• 12
    coğrafya kaderdir.

    şimdi futboldan biraz uzaklaşıp, sosyolojik olarak bakalım olaya. iki kişiyi karşılaştıralım;

    birinci adamımız belçika’lı. ismi thomas olsun. thomas kardeşimiz belçika doğumlu. annesi ve babası orta direk beyaz yaka çalışanı. çocuğumuz 6 yaşından itibaren bilinçli bir şekilde büyütülüyor. yetenekleri doğrultusunda ilkokuldan itibaren yönlendirilme yapılıyor. belçika oldukça kozmopolit bir ülke olduğu için küçük yaştan itibaren her dilden ve dinden arkadaşı oluyor. ayrıca ülke sosyal bir devlet olduğu için ve çevre ülkelerde sınır kavramı olmadığı için hollanda’ya, fransa’ya, almanya’ya ya da herhangi bir avrupa ülkesine sırf günü birlik gidip gelebiliyor adamımız. schengen nedir diye sorsan, o kim brugge’de mi oynuyor der mesela. doğuştan çok dilli oluyor zaten thomas. fransızca anadili olmak üzere, akıcı derecede ingilizce ve flemenkçe ve çat pat da olsa almanca konuşabiliyor küçük yaştan itibaren. eğitim sistemi sorunsuz, sosyal devletin getirdiği nimetlerden de yararlanan thomas, 18-19 yaşına geldiğinde avrupa’da gezmediği ülke kalmıyor. sosyal bir arkadaş olduğu için o yaşa kadar en az, bakın en az diyorum, 8-9 kız arkadaşı yapabiliyor, one night stand, fuck buddy falan hariç. üniversite zamanı part time işe girdiğinde 1 haftada son model iphone’u, 2-3 ayda falan ikinci el bir arabayı alabiliyor, festivalden festivale koşuyor, partiliyor, müzeleri geziyor, konserlere gidebiliyor ve bunları yaparken bir sonraki ayı düşünmüyor çünkü çoğu hizmet ya bedava, ya bedavadan bile daha ucuz. böyle böyle 22-23 yaşında üniversiteden mezun olduğunda zaten komple bir birey oluyor. hayata 5-0 falan önde başlıyor.

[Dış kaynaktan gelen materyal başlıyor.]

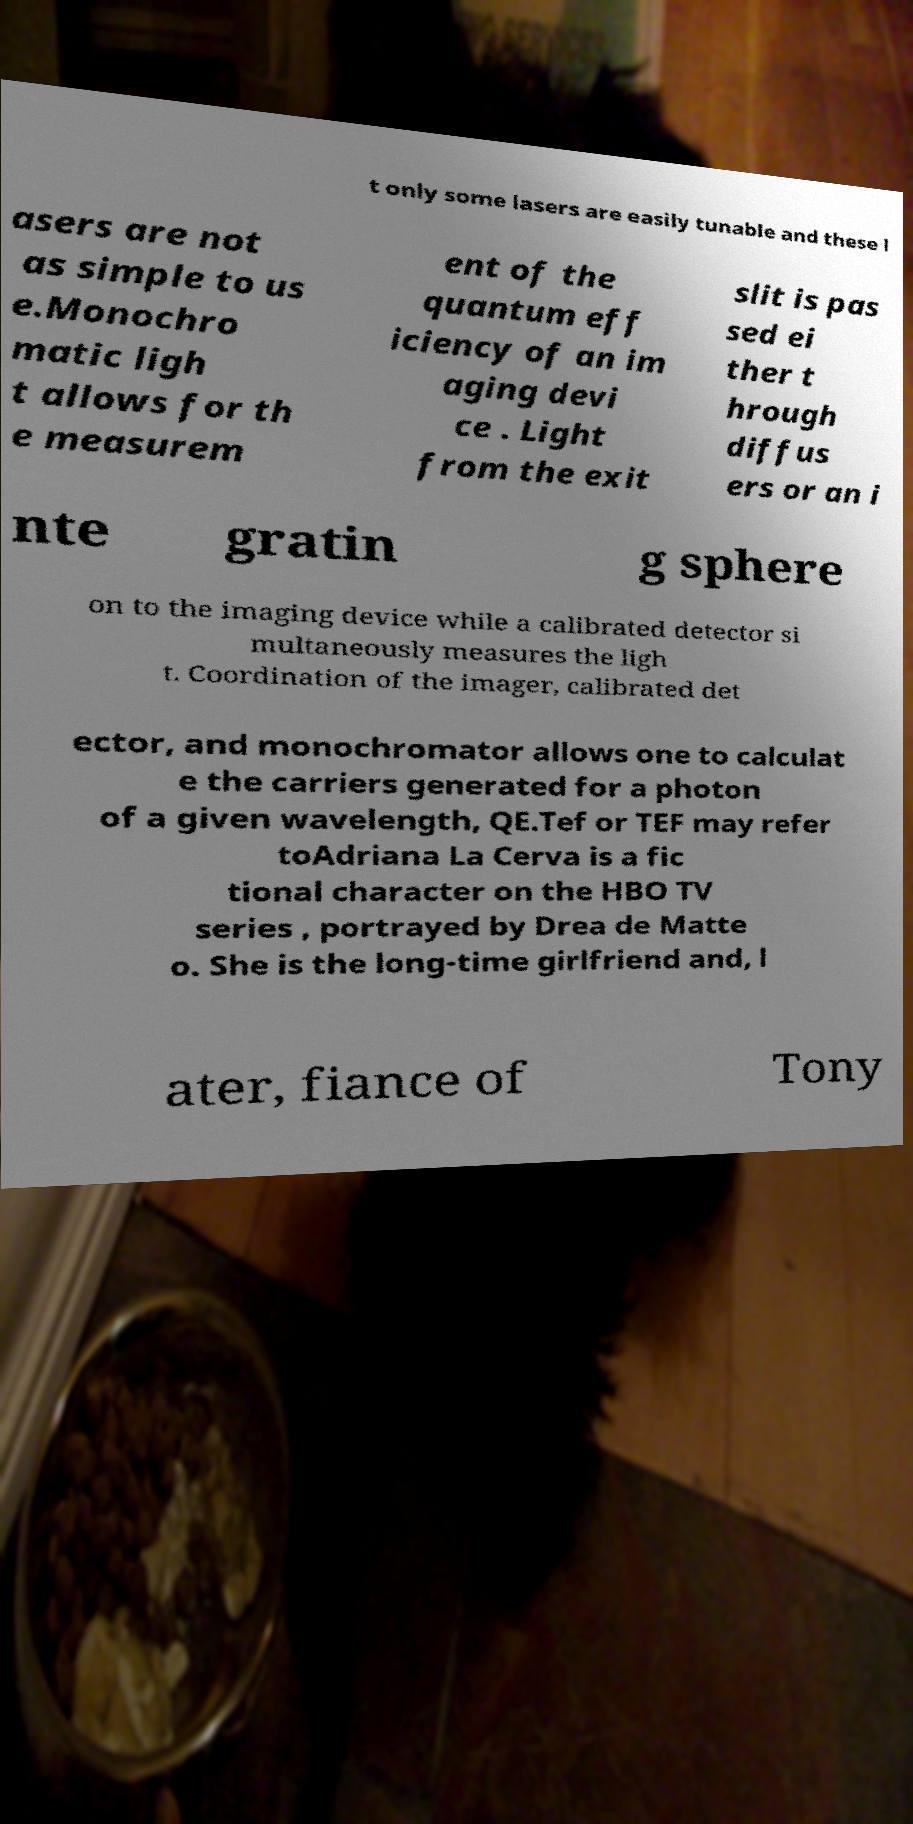Could you assist in decoding the text presented in this image and type it out clearly? t only some lasers are easily tunable and these l asers are not as simple to us e.Monochro matic ligh t allows for th e measurem ent of the quantum eff iciency of an im aging devi ce . Light from the exit slit is pas sed ei ther t hrough diffus ers or an i nte gratin g sphere on to the imaging device while a calibrated detector si multaneously measures the ligh t. Coordination of the imager, calibrated det ector, and monochromator allows one to calculat e the carriers generated for a photon of a given wavelength, QE.Tef or TEF may refer toAdriana La Cerva is a fic tional character on the HBO TV series , portrayed by Drea de Matte o. She is the long-time girlfriend and, l ater, fiance of Tony 
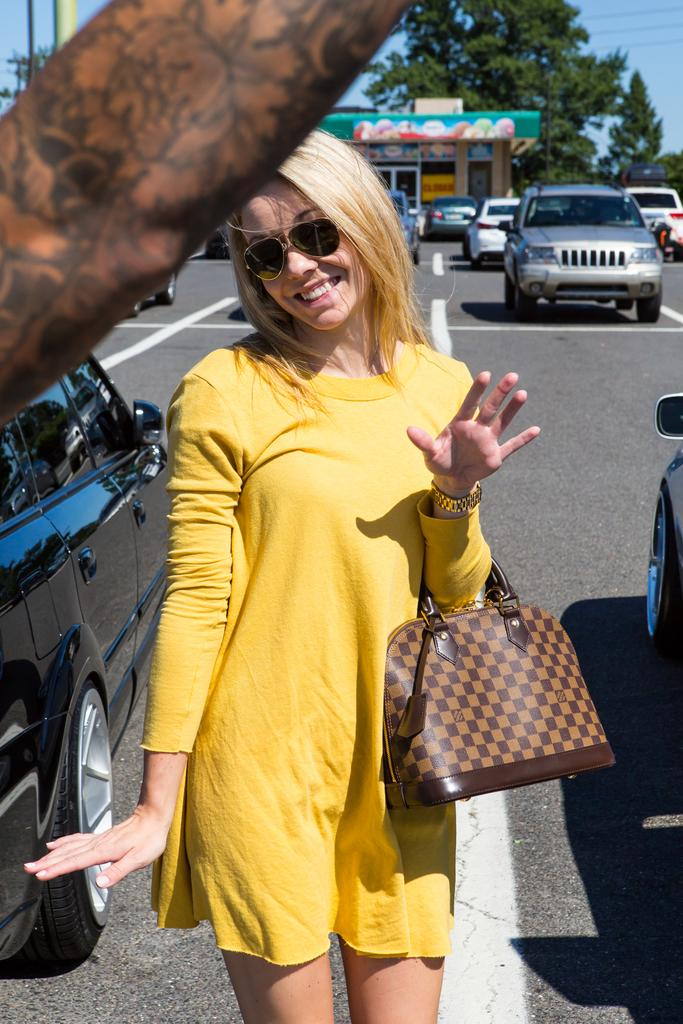Who is present in the image? There is a woman in the image. What is the woman holding in the image? The woman is holding a handbag. What is the woman's expression in the image? The woman is standing and smiling in the image. What can be seen in the background of the image? There are cars, a shop, a tree, wires, and a pole in the background of the image. What is the color of the sky in the image? The sky is blue in color. What type of rake is being used to clean the sidewalk in the image? There is no rake present in the image; it features a woman holding a handbag and various elements in the background. 
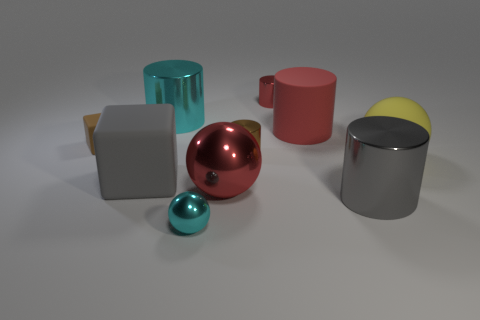What size is the metallic sphere in front of the big red thing that is in front of the small brown cylinder?
Give a very brief answer. Small. Is there a rubber ball?
Offer a terse response. Yes. There is a small rubber thing that is in front of the big red rubber cylinder; what number of blocks are on the right side of it?
Offer a very short reply. 1. There is a big gray metal object that is in front of the brown cylinder; what is its shape?
Make the answer very short. Cylinder. There is a large thing left of the big metal cylinder that is behind the large gray object that is right of the small red metallic thing; what is its material?
Make the answer very short. Rubber. What number of other things are the same size as the red shiny sphere?
Your answer should be very brief. 5. There is a big cyan object that is the same shape as the small red shiny thing; what is it made of?
Provide a succinct answer. Metal. What is the color of the small matte cube?
Ensure brevity in your answer.  Brown. What color is the big matte object on the left side of the red object in front of the red matte object?
Ensure brevity in your answer.  Gray. There is a big matte cube; is its color the same as the metallic cylinder that is in front of the gray rubber cube?
Ensure brevity in your answer.  Yes. 
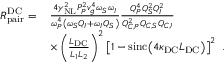Convert formula to latex. <formula><loc_0><loc_0><loc_500><loc_500>\begin{array} { r l } { R _ { p a i r } ^ { D C } = \, } & { \frac { 4 \gamma _ { N L } ^ { 2 } P _ { P } ^ { 2 } v _ { g } ^ { 4 } \omega _ { S } \omega _ { I } } { \omega _ { P } ^ { 4 } \left ( \omega _ { S } Q _ { I } + \omega _ { I } Q _ { S } \right ) } \frac { Q _ { P } ^ { 4 } Q _ { S } ^ { 2 } Q _ { I } ^ { 2 } } { Q _ { C , P } ^ { 2 } Q _ { C , S } Q _ { C , I } } } \\ & { \times \left ( \frac { L _ { D C } } { L _ { 1 } L _ { 2 } } \right ) ^ { 2 } \left [ 1 - \sin c \, \left ( 4 \kappa _ { D C } L _ { D C } \right ) \right ] ^ { 2 } \ . } \end{array}</formula> 
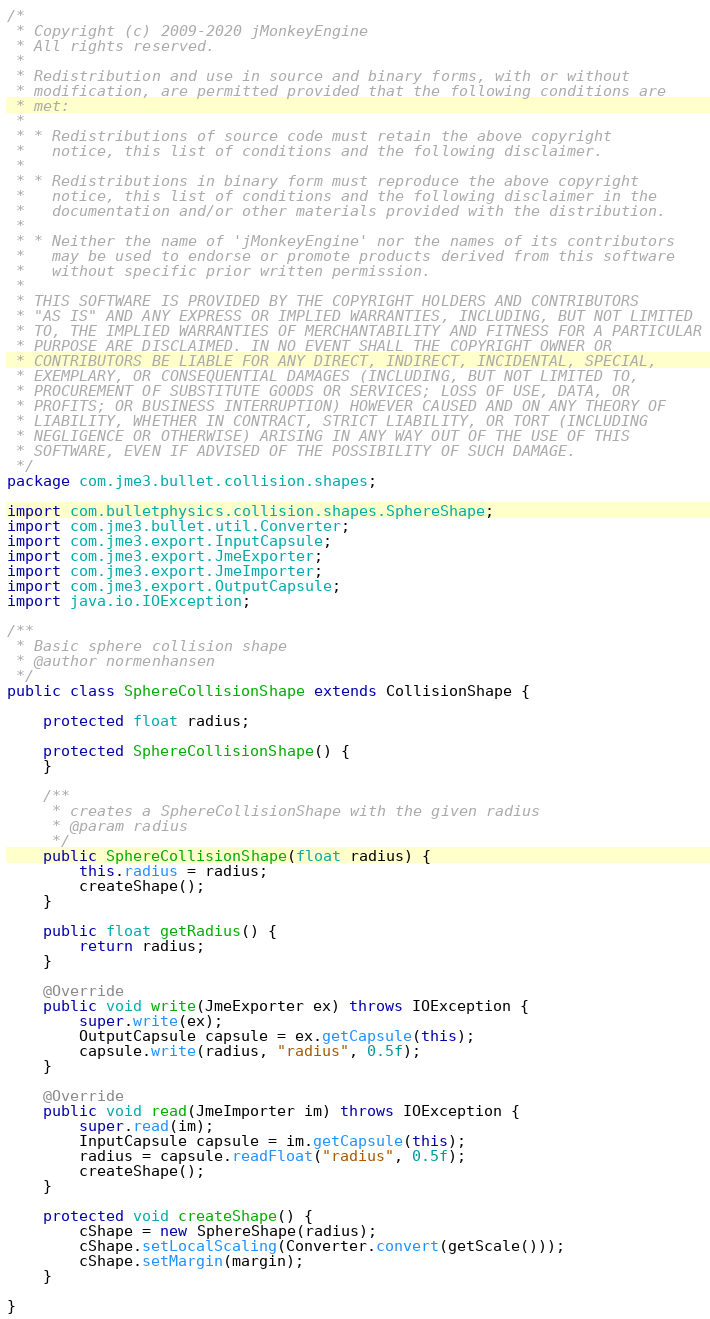Convert code to text. <code><loc_0><loc_0><loc_500><loc_500><_Java_>/*
 * Copyright (c) 2009-2020 jMonkeyEngine
 * All rights reserved.
 *
 * Redistribution and use in source and binary forms, with or without
 * modification, are permitted provided that the following conditions are
 * met:
 *
 * * Redistributions of source code must retain the above copyright
 *   notice, this list of conditions and the following disclaimer.
 *
 * * Redistributions in binary form must reproduce the above copyright
 *   notice, this list of conditions and the following disclaimer in the
 *   documentation and/or other materials provided with the distribution.
 *
 * * Neither the name of 'jMonkeyEngine' nor the names of its contributors
 *   may be used to endorse or promote products derived from this software
 *   without specific prior written permission.
 *
 * THIS SOFTWARE IS PROVIDED BY THE COPYRIGHT HOLDERS AND CONTRIBUTORS
 * "AS IS" AND ANY EXPRESS OR IMPLIED WARRANTIES, INCLUDING, BUT NOT LIMITED
 * TO, THE IMPLIED WARRANTIES OF MERCHANTABILITY AND FITNESS FOR A PARTICULAR
 * PURPOSE ARE DISCLAIMED. IN NO EVENT SHALL THE COPYRIGHT OWNER OR
 * CONTRIBUTORS BE LIABLE FOR ANY DIRECT, INDIRECT, INCIDENTAL, SPECIAL,
 * EXEMPLARY, OR CONSEQUENTIAL DAMAGES (INCLUDING, BUT NOT LIMITED TO,
 * PROCUREMENT OF SUBSTITUTE GOODS OR SERVICES; LOSS OF USE, DATA, OR
 * PROFITS; OR BUSINESS INTERRUPTION) HOWEVER CAUSED AND ON ANY THEORY OF
 * LIABILITY, WHETHER IN CONTRACT, STRICT LIABILITY, OR TORT (INCLUDING
 * NEGLIGENCE OR OTHERWISE) ARISING IN ANY WAY OUT OF THE USE OF THIS
 * SOFTWARE, EVEN IF ADVISED OF THE POSSIBILITY OF SUCH DAMAGE.
 */
package com.jme3.bullet.collision.shapes;

import com.bulletphysics.collision.shapes.SphereShape;
import com.jme3.bullet.util.Converter;
import com.jme3.export.InputCapsule;
import com.jme3.export.JmeExporter;
import com.jme3.export.JmeImporter;
import com.jme3.export.OutputCapsule;
import java.io.IOException;

/**
 * Basic sphere collision shape
 * @author normenhansen
 */
public class SphereCollisionShape extends CollisionShape {

    protected float radius;

    protected SphereCollisionShape() {
    }

    /**
     * creates a SphereCollisionShape with the given radius
     * @param radius
     */
    public SphereCollisionShape(float radius) {
        this.radius = radius;
        createShape();
    }

    public float getRadius() {
        return radius;
    }

    @Override
    public void write(JmeExporter ex) throws IOException {
        super.write(ex);
        OutputCapsule capsule = ex.getCapsule(this);
        capsule.write(radius, "radius", 0.5f);
    }

    @Override
    public void read(JmeImporter im) throws IOException {
        super.read(im);
        InputCapsule capsule = im.getCapsule(this);
        radius = capsule.readFloat("radius", 0.5f);
        createShape();
    }

    protected void createShape() {
        cShape = new SphereShape(radius);
        cShape.setLocalScaling(Converter.convert(getScale()));
        cShape.setMargin(margin);
    }

}
</code> 
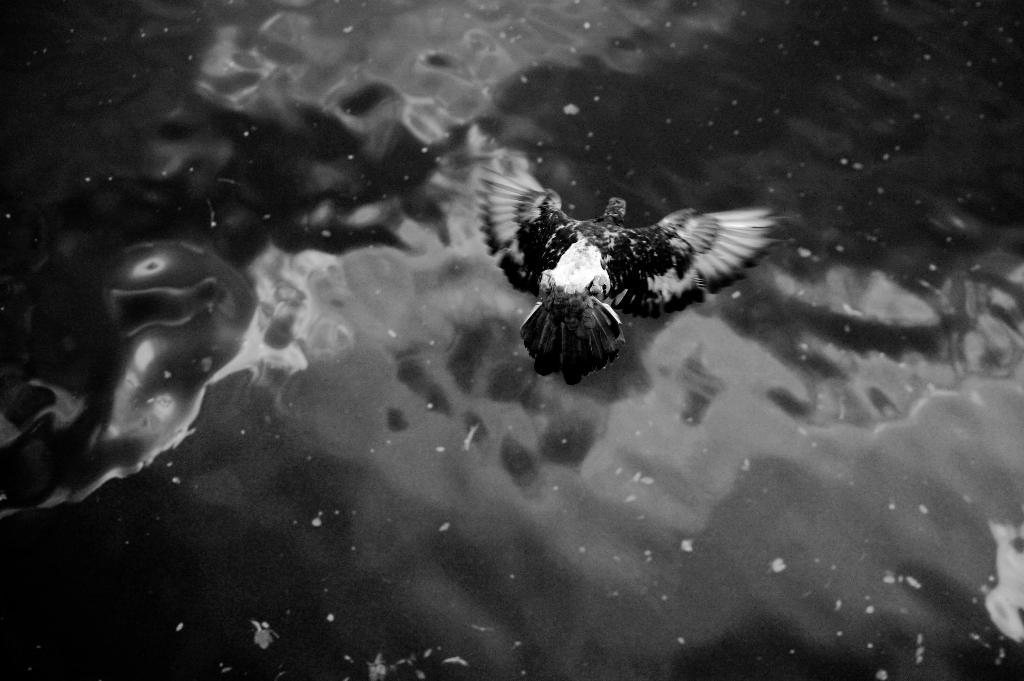What is the color scheme of the image? The image is black and white. What can be seen flying in the air in the image? There is a bird flying in the air in the image. What natural element is visible in the image? There is water visible in the image. What type of laborer can be seen working near the water in the image? There is no laborer present in the image; it only features a bird flying in the air and water. What magical effect is visible in the image? There is no magical effect present in the image; it is a simple depiction of a bird flying over water. 
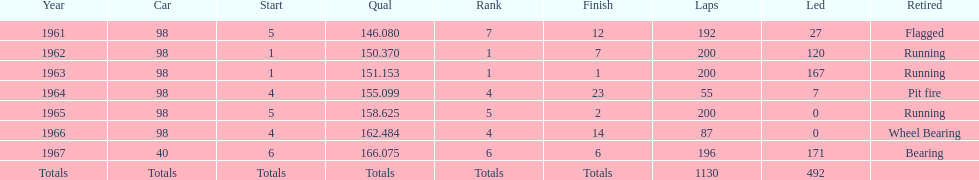Which car accomplished the peak standard? 40.

    şimdi de yozgat’lı abdulkadir’e gelelim. orta halli bir çiftçinin ya da memurun çocuğu. üniversiteye kadar yozgat’ın çeşitli okullarında okuyor, şehirden ayrılma sayısı bir elin parmaklarını geçmez, onda da büyük ihtimal ailesiyle birlikte düğüne veya cenazeye katıldıkları dönemler. araba almayı geçtim, sigara parasını bile bulamıyor çoğu zaman. adamımız üniversiteyi kazanır ama durum daha kötüleşir çünkü yaşadığı ülke sosyal bir devlet anlayışına sahip değildir. babasının gönderdiği üç kuruşla + ileride 1000% faizle geri ödeyeceği öğrenim kredisiyle geçinmeye çalışır. türlü imkansızlıklara rağmen bir manita yaptı diyelim, en fazla iki gün gezdirebilir, kalan 28 gün aç kalır. öğrenim kredisi üç günde biter. ev tutsa ayrı bir dert, yurtta kalsa ayrı bir dert. yoğun ders programı sebebiyle bir işte çalışamaz zaten çalışsa da adam gibi maaş vermez hiçbir firma, ciddiye bile almaz garibimi. yurdışına gitmeyi geçtim, traş olmaya bile memleketindeki berberine gider, aman istanbul’da fazla para harcanmasın diye. tüm hayatı, okul, arkadaşlarıyla okey oynama, cep telefonu, tiktok videoları ve iddaa bültenidir. 4 sene (tabi şanslıysa) böyle y*rrak gibi geçer ve sonunda mezun olur. tabi mezun olduğunda da daha da kötüleşiyor her şey. büyük ihtimal mezun olduğu bölümün ataması yoktur. çok alakasız bir alanda üç kuruşa çalışır, tabi daha önce söylediğim gibi maaşından öğrenim kredisi kesintisi falan başlar. o sırada anası bi kız bulur, evlenir, her şey yolunda giderse çift maaşla falan geçinebiliyorlarsa 35 sene sonra falan ev alabilir, şanssızsa bi de aman allah boşanmışsa zaten üç kuruş aldığı maaşa bir de nafaka kesintisi eklenir. bir ömür de y*rrak gibi geçer.

    işte yukarıdaki bilgilerin ışığında, bir avrupalıyla türkü karşılaştırırken 2-3 kere düşünün derim.